1. Paint a base of orange and cover this with a brown + orange + mixed ink with a touch of white glue.
2. Paint a base of fairly dark leather, like RMS Russet Brown + VGC Charred Brown. Create a thin wash of light brown + orange ink. This is a reverse wash where you actually push the ink up to the highlights. It creates a really interesting effect.
I'll try to include some pictures with one or both of these techniques in the future.

==========================

APRON
Similar to the leather under corset, I started with the darkest color and layered up to highlights.
The base color for the apron was mostly VGC Khaki + some VGC Off White.





Highlight layers were built up by adding VGC Off White to the mix.





==========================
NEXT TIME
You may have noticed somewhere along the process I painted the interior of the dark eye sockets white. Not sure when I did that - probably just grabbed some off-white from the palette when I was working on the apron.
Next time we'll do the beer mugs and the tavern floor. 

If you have any questions or suggestions as I go along please fire away!


----------



## pogre

Reaper Townsfolk Bar Maid
Step-by-step
PART FOUR
==========================

MUGS
The mugs were painted with a base of VGC Gunmetal Metal highlighted with VGC chainmail. The suds were painted with VGC off-white with a touch VGC khaki and  highlighted with RMS pure white.









==========================

THE FLOOR
I based the floor in RMS leather





I then washed it with Games Workshop Devlan Mud.





I created grain in the wood first with highlight lines painted with the base mixed with white and then created grooves painting the same color darkened with VGC Charred Brown





==========================

SKIN TOUCH-UP
I went back to the face and smoothed the skin highlights a bit and dotted the eyes. The eyes are a little crooked, but oh well, it adds to our maids charm!





You will notice I did a couple of washes with the original green on the dress to tone down the highlights.

==========================

CONCLUSION
The miniature is pretty much done. I'm pleased withy the effort and it only took a couple of hours of effort. I hope you found something helpful. I'll be doing more step-by-steps in the future with some of the Reaper Bones. Stay tuned!

I'll post complete pictures of the maid with some other completed miniatures in the near future.


----------



## dogoftheunderworld

Thanks for the step-by-step Pogre, it's always interesting to see the different paint steps.  

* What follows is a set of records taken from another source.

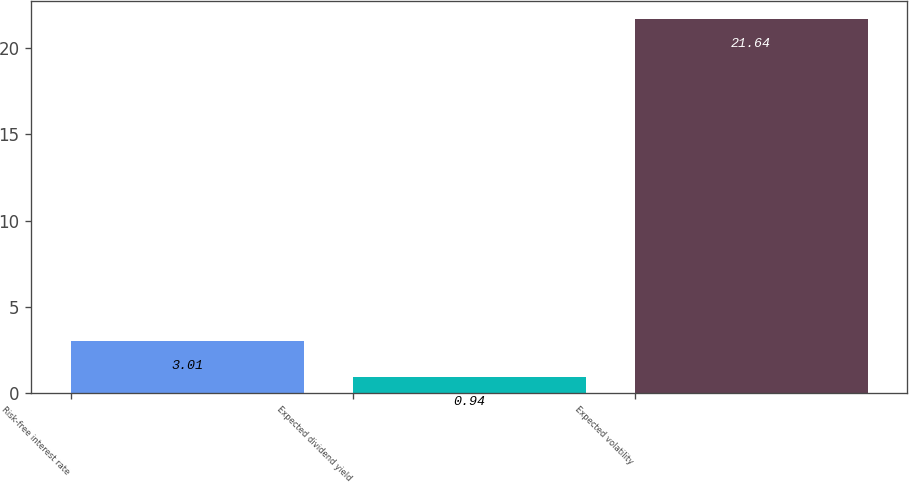Convert chart to OTSL. <chart><loc_0><loc_0><loc_500><loc_500><bar_chart><fcel>Risk-free interest rate<fcel>Expected dividend yield<fcel>Expected volatility<nl><fcel>3.01<fcel>0.94<fcel>21.64<nl></chart> 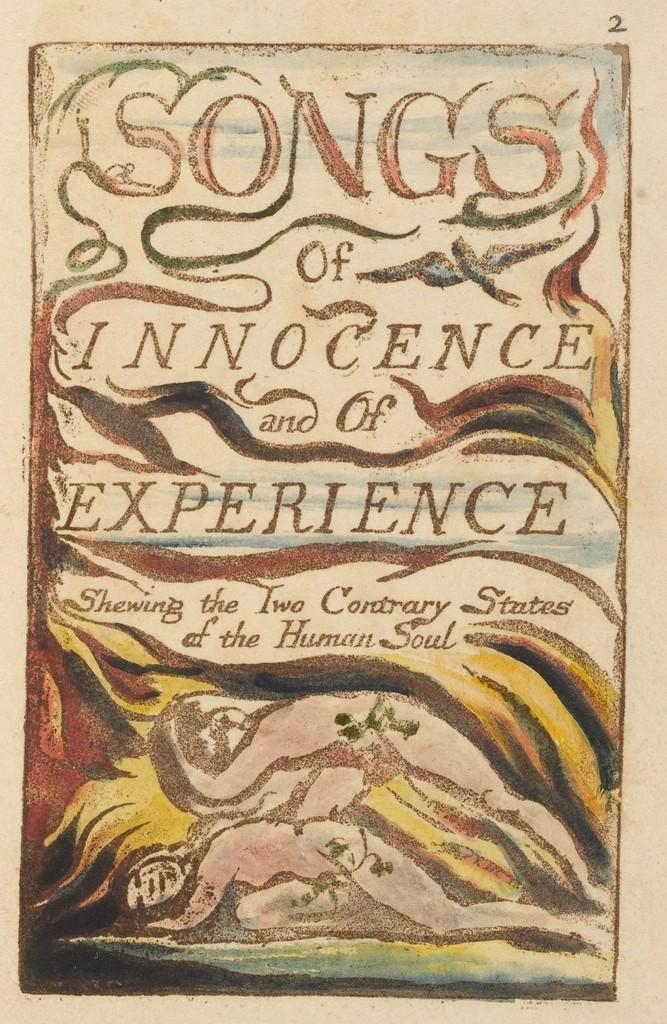<image>
Create a compact narrative representing the image presented. A picture with two naked people sleeping at the bottom labeled Innocence of Experience. 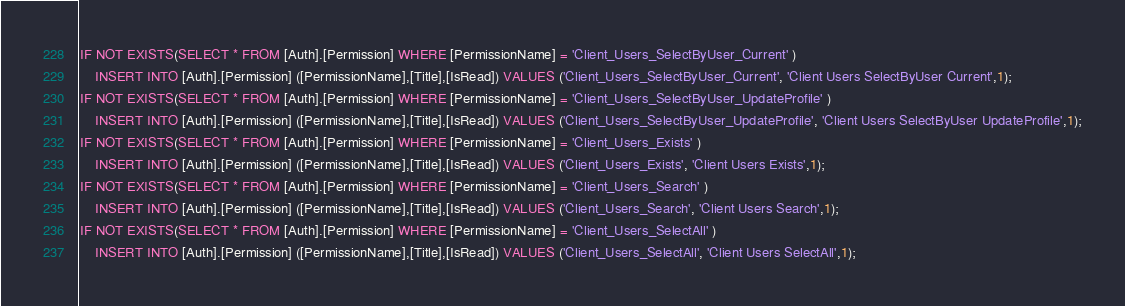<code> <loc_0><loc_0><loc_500><loc_500><_SQL_>IF NOT EXISTS(SELECT * FROM [Auth].[Permission] WHERE [PermissionName] = 'Client_Users_SelectByUser_Current' )
	INSERT INTO [Auth].[Permission] ([PermissionName],[Title],[IsRead]) VALUES ('Client_Users_SelectByUser_Current', 'Client Users SelectByUser Current',1);
IF NOT EXISTS(SELECT * FROM [Auth].[Permission] WHERE [PermissionName] = 'Client_Users_SelectByUser_UpdateProfile' )
	INSERT INTO [Auth].[Permission] ([PermissionName],[Title],[IsRead]) VALUES ('Client_Users_SelectByUser_UpdateProfile', 'Client Users SelectByUser UpdateProfile',1);
IF NOT EXISTS(SELECT * FROM [Auth].[Permission] WHERE [PermissionName] = 'Client_Users_Exists' )
	INSERT INTO [Auth].[Permission] ([PermissionName],[Title],[IsRead]) VALUES ('Client_Users_Exists', 'Client Users Exists',1);
IF NOT EXISTS(SELECT * FROM [Auth].[Permission] WHERE [PermissionName] = 'Client_Users_Search' )
	INSERT INTO [Auth].[Permission] ([PermissionName],[Title],[IsRead]) VALUES ('Client_Users_Search', 'Client Users Search',1);
IF NOT EXISTS(SELECT * FROM [Auth].[Permission] WHERE [PermissionName] = 'Client_Users_SelectAll' )
	INSERT INTO [Auth].[Permission] ([PermissionName],[Title],[IsRead]) VALUES ('Client_Users_SelectAll', 'Client Users SelectAll',1);
</code> 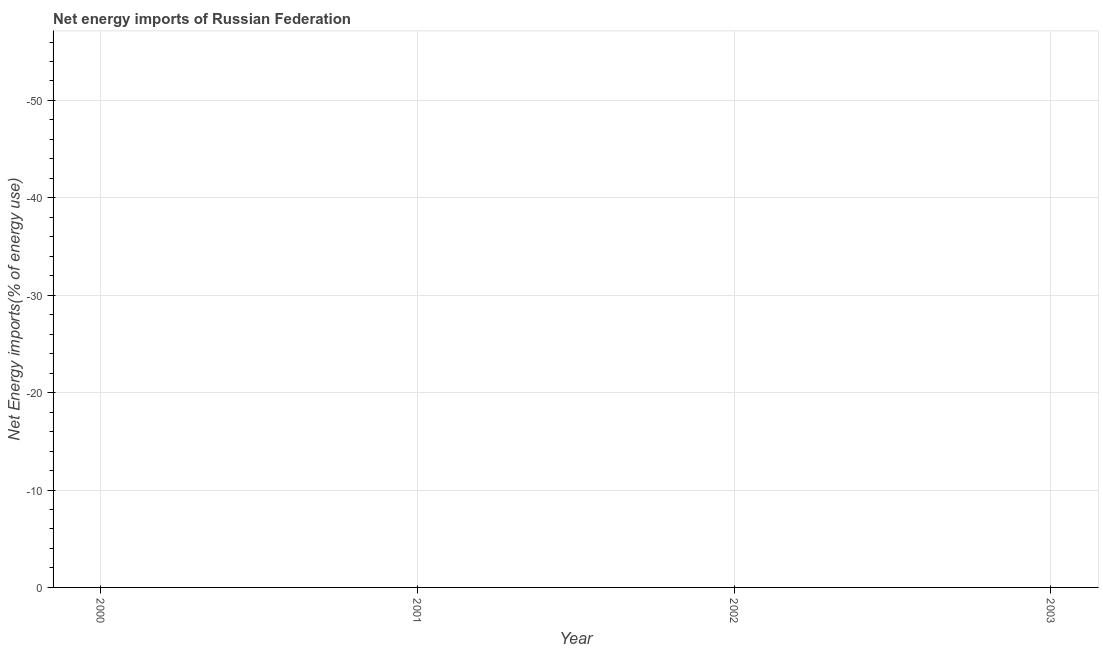What is the energy imports in 2002?
Your response must be concise. 0. Across all years, what is the minimum energy imports?
Offer a very short reply. 0. What is the sum of the energy imports?
Your answer should be very brief. 0. What is the average energy imports per year?
Ensure brevity in your answer.  0. What is the median energy imports?
Keep it short and to the point. 0. Does the energy imports monotonically increase over the years?
Ensure brevity in your answer.  No. How many years are there in the graph?
Keep it short and to the point. 4. Does the graph contain any zero values?
Your response must be concise. Yes. Does the graph contain grids?
Your answer should be compact. Yes. What is the title of the graph?
Your answer should be very brief. Net energy imports of Russian Federation. What is the label or title of the Y-axis?
Ensure brevity in your answer.  Net Energy imports(% of energy use). What is the Net Energy imports(% of energy use) in 2000?
Provide a succinct answer. 0. What is the Net Energy imports(% of energy use) in 2001?
Your answer should be very brief. 0. What is the Net Energy imports(% of energy use) in 2002?
Provide a short and direct response. 0.

Also, congrats on your 100 mini year!  Work has been a bear this past year, but I've got my Bones coming in March, so I hope to get back to it!

(Must spread XP around...)


----------



## pogre

Thanks Dog!

I think part of what helped me was forcing myself to paint at least 20 minutes a day, even in my busiest, toughest time of the year. If I managed to get one figure done every other week or so I was pleased. Since I was painting every day it made it less difficult to jump in with a deeper time commitment to painting when work eased up.

I am cranking on some speed painting right now to get ready for a con next weekend. They won't be pretty, but I'll get 'em done! I'll post pictures of their glorious sloppiness when they're done.

I stopped taking my really decent paint jobs to cons for the most part a few years ago. I love having lots of new people play in my games, but they just are not aware of the effort that goes into painting some figures. I don't think they are being purposefully disrespectful at all, but they just are not careful with models. 

That's a long way of saying if you play in one of my con games - I don't apologize for the terrain, but the figs will probably be plastic and the paint jobs will not inspire you.


----------



## pogre

I am way behind on posting some painted minis. I also have some pictures from our local gaming convention: Winter War. Here is a local news story about Winter War:

http://www.wicd15.com/news/top-stories/stories/wicd_vid_6439.shtml

You can see my Dungeon Lord game in the lead off picture and also at :13 - :21 of the video. I'm the guy standing and leaning over the table.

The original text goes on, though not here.